| What you need to do |
Provide the number of lines of the records that include "degrees", with no other content.

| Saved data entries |
____________

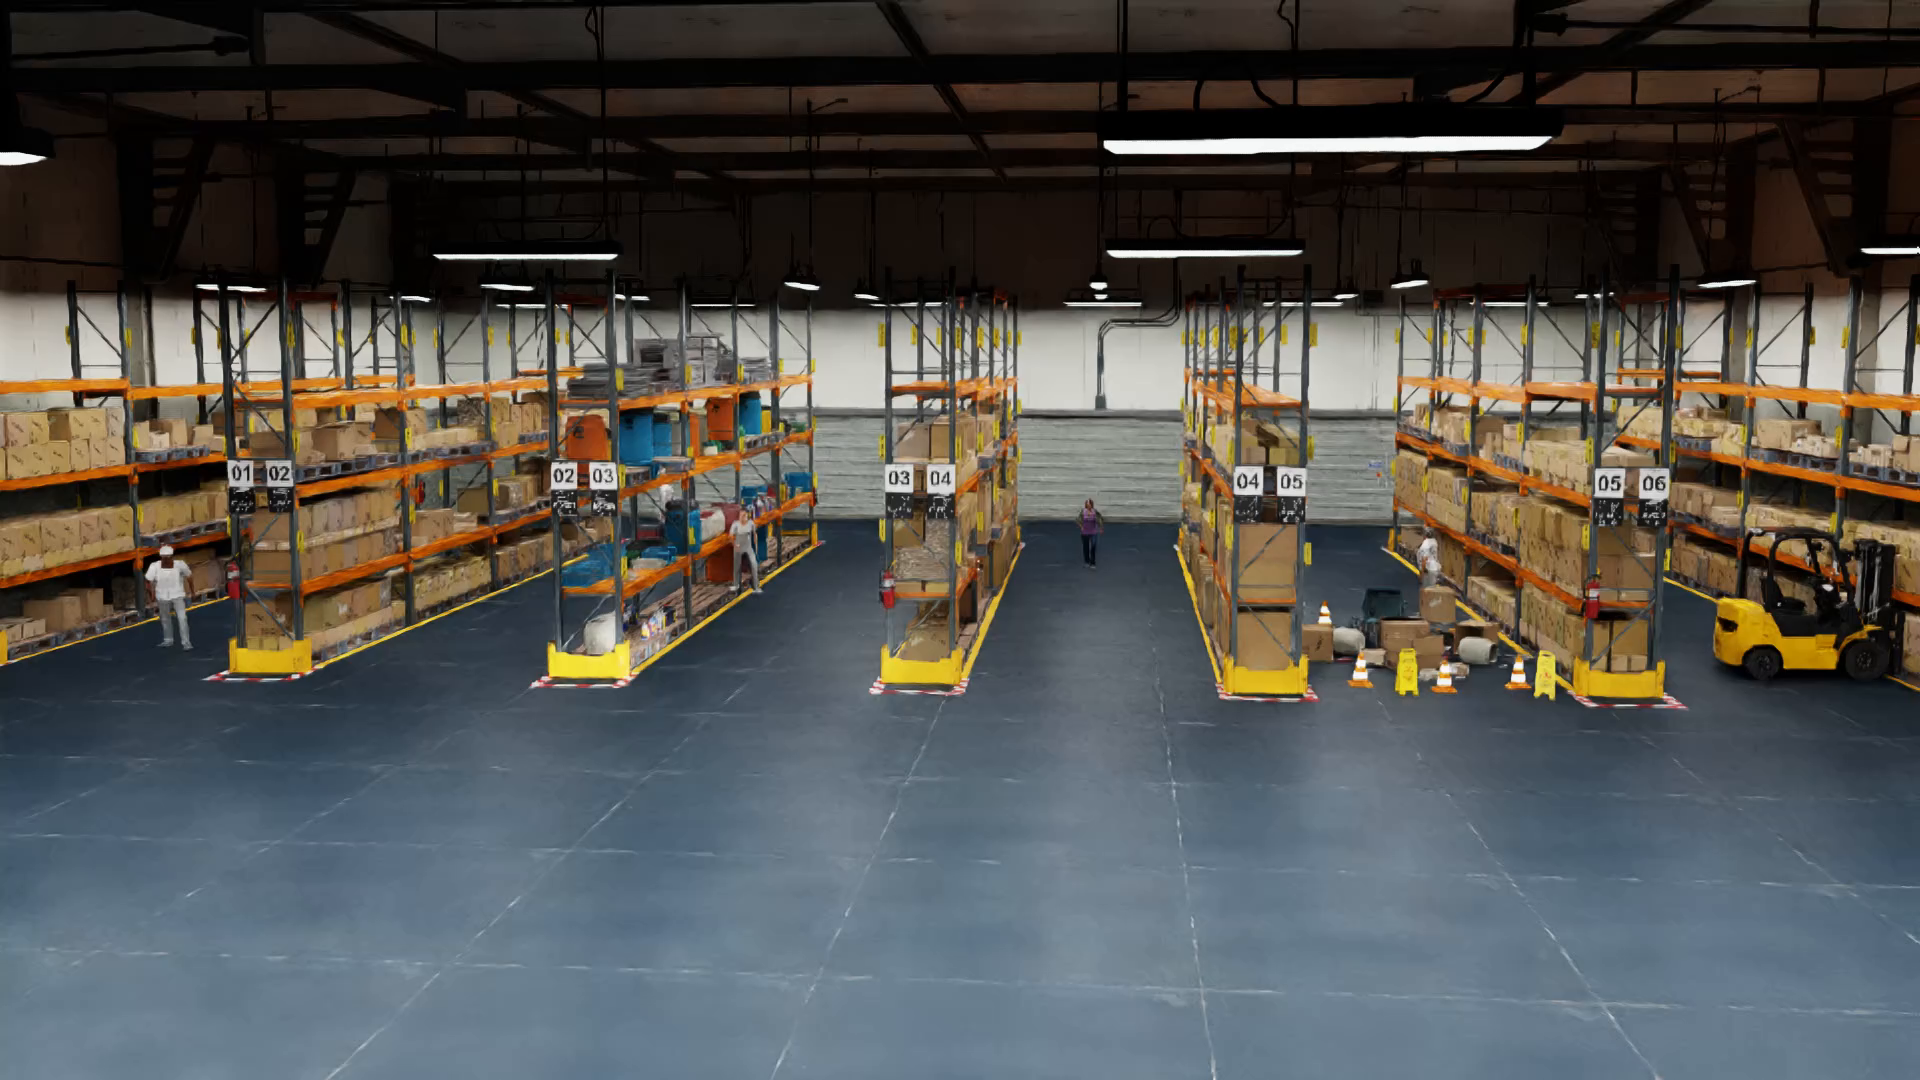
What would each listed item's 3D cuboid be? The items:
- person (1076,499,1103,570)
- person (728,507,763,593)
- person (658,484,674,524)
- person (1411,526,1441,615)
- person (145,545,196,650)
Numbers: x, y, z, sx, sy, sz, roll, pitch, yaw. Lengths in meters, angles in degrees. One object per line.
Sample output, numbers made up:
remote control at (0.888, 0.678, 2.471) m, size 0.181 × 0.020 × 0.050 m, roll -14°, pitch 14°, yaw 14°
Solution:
person at (2.820, -0.154, 36.239) m, size 0.562 × 1.530 × 0.815 m, roll 1°, pitch 7°, yaw 10°
person at (-4.005, 0.169, 30.902) m, size 0.609 × 1.604 × 0.815 m, roll -1°, pitch 7°, yaw -11°
person at (-7.028, -0.721, 39.830) m, size 0.547 × 1.775 × 0.758 m, roll 0°, pitch 7°, yaw 2°
person at (8.320, 0.577, 29.645) m, size 0.562 × 1.648 × 0.612 m, roll 4°, pitch 8°, yaw 30°
person at (-12.671, 0.912, 26.707) m, size 0.713 × 1.698 × 0.809 m, roll -2°, pitch 7°, yaw -13°
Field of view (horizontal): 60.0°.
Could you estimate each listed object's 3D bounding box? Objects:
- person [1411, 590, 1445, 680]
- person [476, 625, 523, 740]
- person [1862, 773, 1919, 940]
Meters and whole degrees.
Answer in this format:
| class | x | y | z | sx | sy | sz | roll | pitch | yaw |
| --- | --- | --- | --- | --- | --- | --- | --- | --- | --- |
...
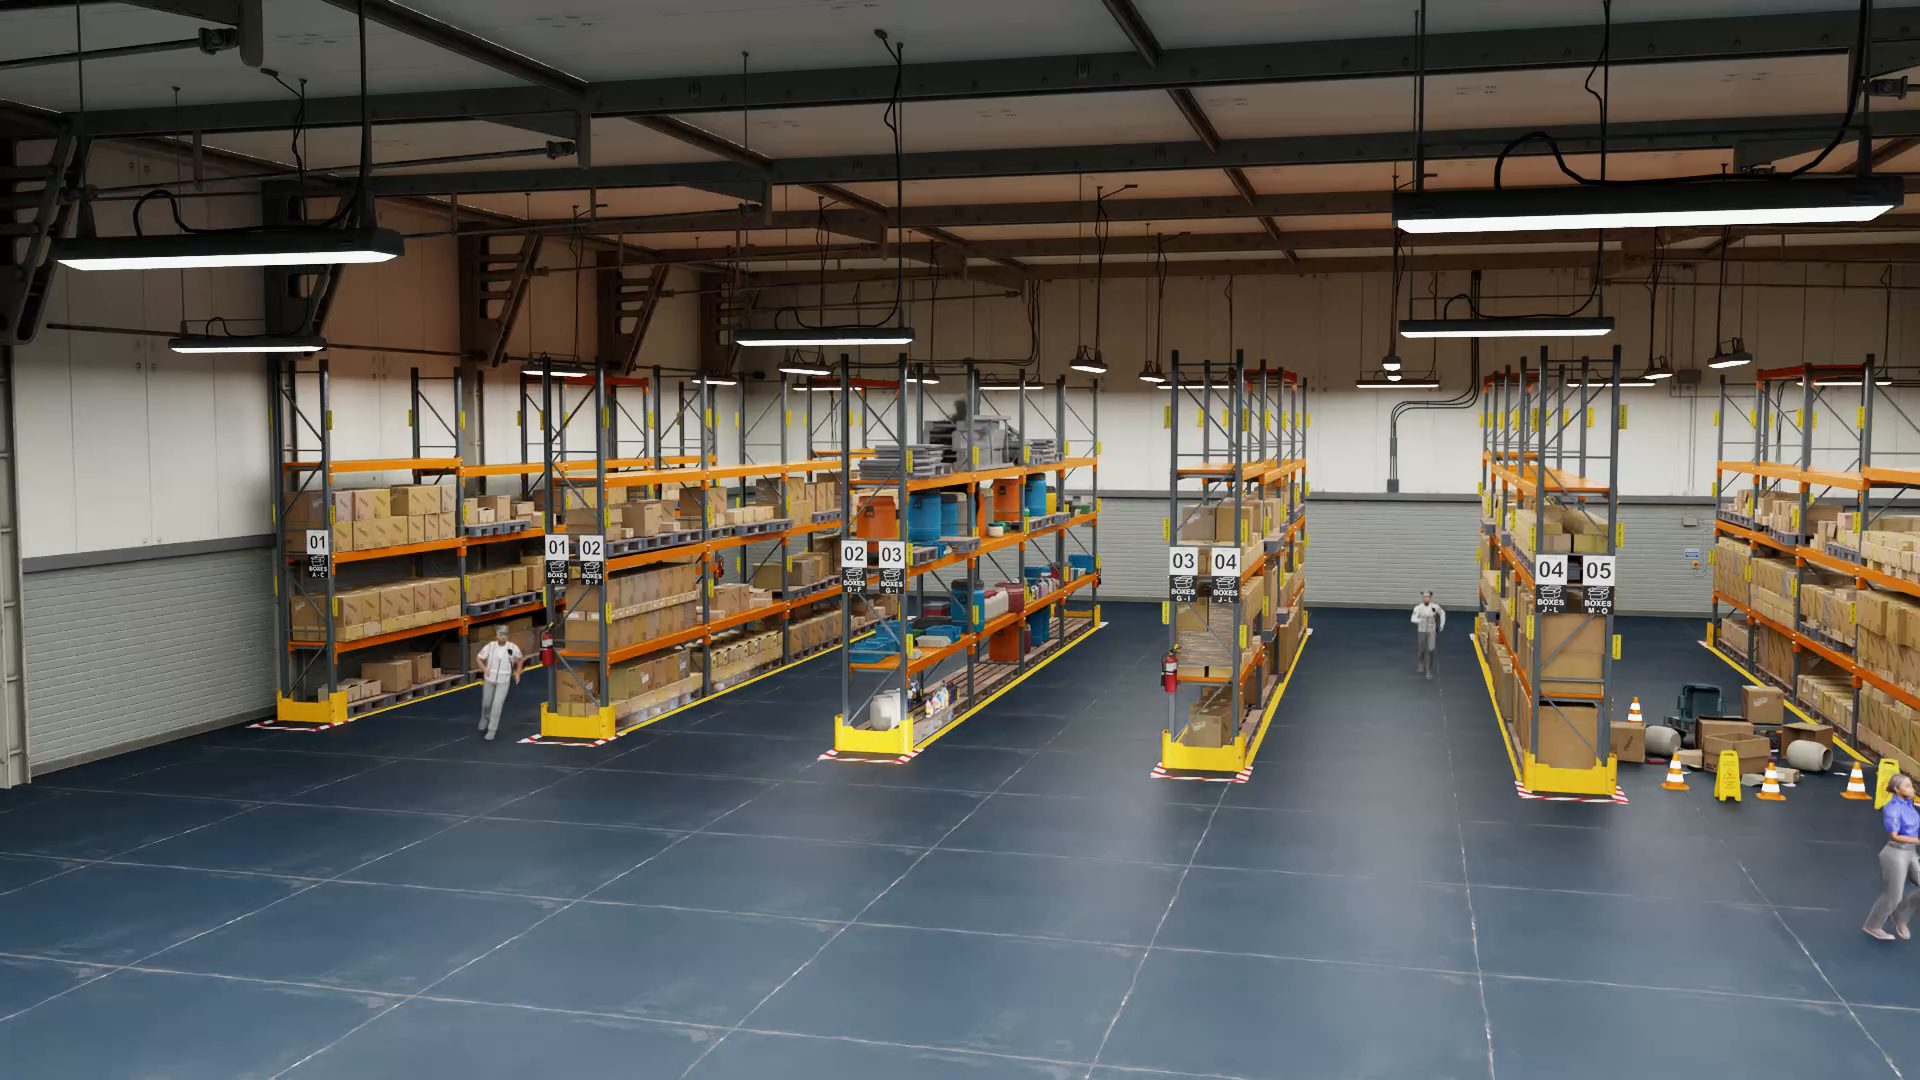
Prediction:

____________

| Solved exercise |
2